▶ _Problem to work on_:
Set all of the entries down again precisely as they are written.

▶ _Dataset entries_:
----------------------------------------
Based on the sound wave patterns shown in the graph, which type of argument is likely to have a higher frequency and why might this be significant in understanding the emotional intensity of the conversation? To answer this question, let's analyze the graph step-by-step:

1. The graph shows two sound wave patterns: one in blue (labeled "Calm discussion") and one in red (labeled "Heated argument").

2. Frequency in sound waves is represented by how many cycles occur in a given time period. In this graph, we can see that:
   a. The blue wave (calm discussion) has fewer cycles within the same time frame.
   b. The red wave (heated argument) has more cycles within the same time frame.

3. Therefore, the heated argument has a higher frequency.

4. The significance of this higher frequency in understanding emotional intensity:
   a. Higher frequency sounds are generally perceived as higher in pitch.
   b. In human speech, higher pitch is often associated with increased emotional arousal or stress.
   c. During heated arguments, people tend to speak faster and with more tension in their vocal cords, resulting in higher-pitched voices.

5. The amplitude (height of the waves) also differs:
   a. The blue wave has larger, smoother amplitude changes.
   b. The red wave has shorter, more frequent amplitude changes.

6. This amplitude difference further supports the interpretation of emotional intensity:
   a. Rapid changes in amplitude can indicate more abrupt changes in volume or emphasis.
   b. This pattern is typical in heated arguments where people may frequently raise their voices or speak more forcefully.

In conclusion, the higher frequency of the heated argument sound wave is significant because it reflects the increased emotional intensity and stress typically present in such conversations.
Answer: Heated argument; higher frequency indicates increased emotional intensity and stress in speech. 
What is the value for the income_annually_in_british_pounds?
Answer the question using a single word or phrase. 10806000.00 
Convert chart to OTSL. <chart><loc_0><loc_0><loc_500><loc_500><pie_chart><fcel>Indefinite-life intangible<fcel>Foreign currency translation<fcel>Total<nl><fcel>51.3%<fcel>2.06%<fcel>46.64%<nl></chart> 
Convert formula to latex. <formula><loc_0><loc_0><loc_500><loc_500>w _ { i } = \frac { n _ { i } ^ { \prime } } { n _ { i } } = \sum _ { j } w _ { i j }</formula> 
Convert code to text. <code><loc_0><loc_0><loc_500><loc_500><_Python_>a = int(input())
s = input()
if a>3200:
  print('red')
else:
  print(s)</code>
----------------------------------------
▶ _Response box_:
Based on the sound wave patterns shown in the graph, which type of argument is likely to have a higher frequency and why might this be significant in understanding the emotional intensity of the conversation? To answer this question, let's analyze the graph step-by-step:

1. The graph shows two sound wave patterns: one in blue (labeled "Calm discussion") and one in red (labeled "Heated argument").

2. Frequency in sound waves is represented by how many cycles occur in a given time period. In this graph, we can see that:
   a. The blue wave (calm discussion) has fewer cycles within the same time frame.
   b. The red wave (heated argument) has more cycles within the same time frame.

3. Therefore, the heated argument has a higher frequency.

4. The significance of this higher frequency in understanding emotional intensity:
   a. Higher frequency sounds are generally perceived as higher in pitch.
   b. In human speech, higher pitch is often associated with increased emotional arousal or stress.
   c. During heated arguments, people tend to speak faster and with more tension in their vocal cords, resulting in higher-pitched voices.

5. The amplitude (height of the waves) also differs:
   a. The blue wave has larger, smoother amplitude changes.
   b. The red wave has shorter, more frequent amplitude changes.

6. This amplitude difference further supports the interpretation of emotional intensity:
   a. Rapid changes in amplitude can indicate more abrupt changes in volume or emphasis.
   b. This pattern is typical in heated arguments where people may frequently raise their voices or speak more forcefully.

In conclusion, the higher frequency of the heated argument sound wave is significant because it reflects the increased emotional intensity and stress typically present in such conversations.
Answer: Heated argument; higher frequency indicates increased emotional intensity and stress in speech. 
What is the value for the income_annually_in_british_pounds?
Answer the question using a single word or phrase. 10806000.00 
Convert chart to OTSL. <chart><loc_0><loc_0><loc_500><loc_500><pie_chart><fcel>Indefinite-life intangible<fcel>Foreign currency translation<fcel>Total<nl><fcel>51.3%<fcel>2.06%<fcel>46.64%<nl></chart> 
Convert formula to latex. <formula><loc_0><loc_0><loc_500><loc_500>w _ { i } = \frac { n _ { i } ^ { \prime } } { n _ { i } } = \sum _ { j } w _ { i j }</formula> 
Convert code to text. <code><loc_0><loc_0><loc_500><loc_500><_Python_>a = int(input())
s = input()
if a>3200:
  print('red')
else:
  print(s)</code>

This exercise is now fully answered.